Exercise prompt :: Without any images, write the data out exactly as it appears.

Working data ::
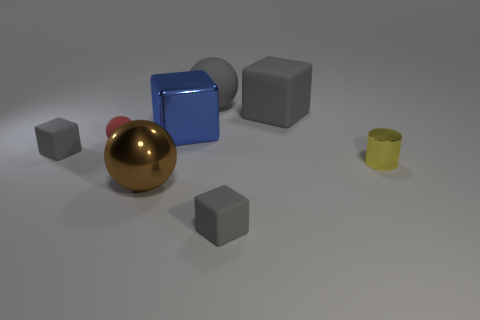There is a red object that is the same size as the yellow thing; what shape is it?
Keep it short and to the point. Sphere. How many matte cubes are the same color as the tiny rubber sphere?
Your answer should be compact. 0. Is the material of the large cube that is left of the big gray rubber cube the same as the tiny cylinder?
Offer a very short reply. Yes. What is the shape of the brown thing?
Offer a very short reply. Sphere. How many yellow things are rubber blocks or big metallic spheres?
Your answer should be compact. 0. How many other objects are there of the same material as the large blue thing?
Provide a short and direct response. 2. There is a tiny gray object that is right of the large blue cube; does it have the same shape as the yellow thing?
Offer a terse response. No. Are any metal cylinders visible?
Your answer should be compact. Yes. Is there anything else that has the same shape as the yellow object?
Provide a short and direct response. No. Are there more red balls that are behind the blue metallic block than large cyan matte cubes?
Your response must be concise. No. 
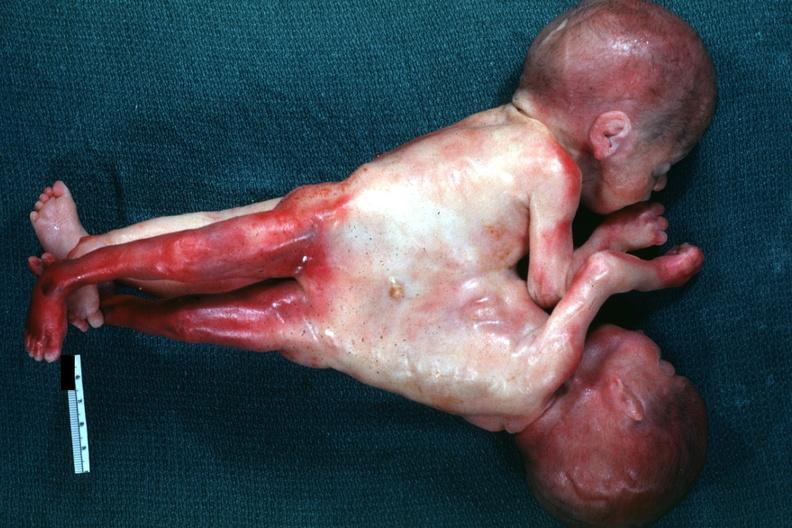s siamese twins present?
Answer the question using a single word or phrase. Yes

Solution to the problem ::
There is a red object that is the same size as the yellow thing; what shape is it?
Keep it short and to the point. Sphere. How many matte cubes are the same color as the tiny rubber sphere?
Your answer should be compact. 0. Is the material of the large cube that is left of the big gray rubber cube the same as the tiny cylinder?
Offer a very short reply. Yes. What is the shape of the brown thing?
Offer a very short reply. Sphere. How many yellow things are rubber blocks or big metallic spheres?
Your answer should be compact. 0. How many other objects are there of the same material as the large blue thing?
Provide a short and direct response. 2. There is a tiny gray object that is right of the large blue cube; does it have the same shape as the yellow thing?
Offer a terse response. No. Are any metal cylinders visible?
Your answer should be compact. Yes. Is there anything else that has the same shape as the yellow object?
Provide a short and direct response. No. Are there more red balls that are behind the blue metallic block than large cyan matte cubes?
Your response must be concise. No. 
s siamese twins present?
Answer the question using a single word or phrase. Yes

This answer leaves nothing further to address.